### [What to do]
Write out exactly the lines from the one containing "Exercise: construct a" to the end of the material, both ends included, and nothing else. Leave pictures out.

### [Information provided]
====
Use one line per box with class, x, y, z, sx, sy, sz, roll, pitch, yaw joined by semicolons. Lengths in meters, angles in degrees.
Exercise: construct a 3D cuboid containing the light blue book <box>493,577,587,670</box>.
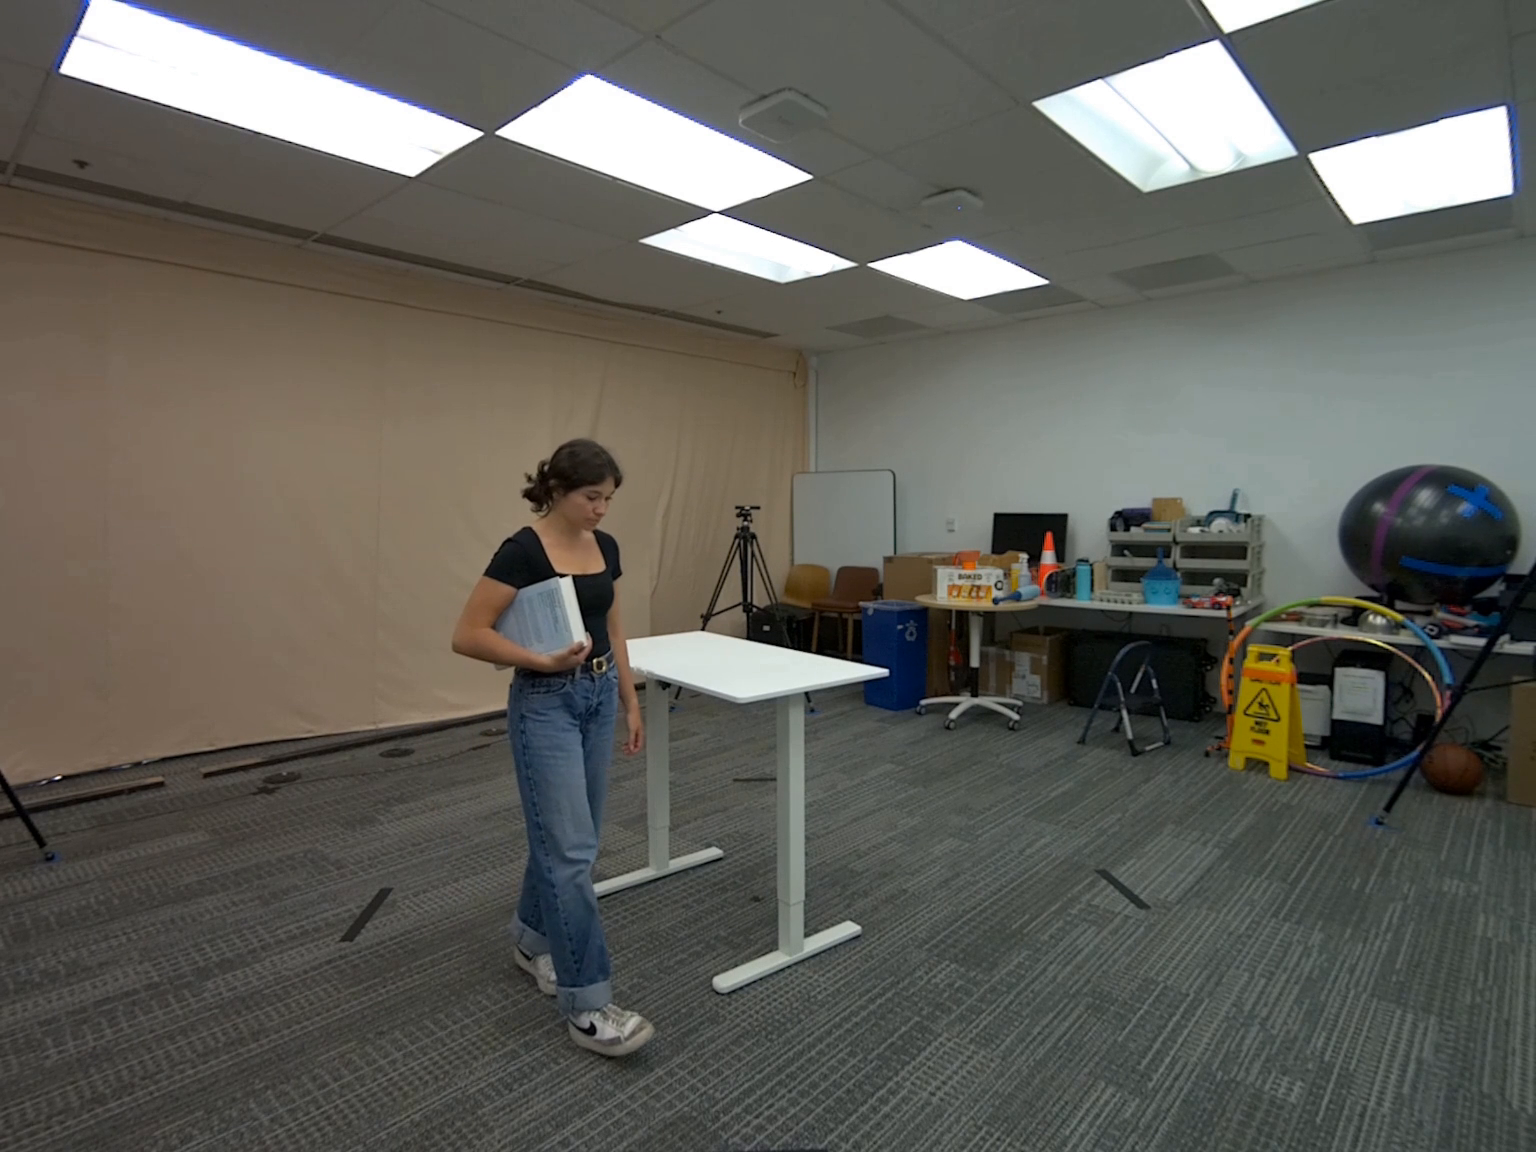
light blue book;-0.610;0.121;2.201;0.266;0.192;0.057;-15;-6;24
====
### [Solved exercise]
Exercise: construct a 3D cuboid containing the light blue book <box>493,577,587,670</box>.
light blue book;-0.610;0.121;2.201;0.266;0.192;0.057;-15;-6;24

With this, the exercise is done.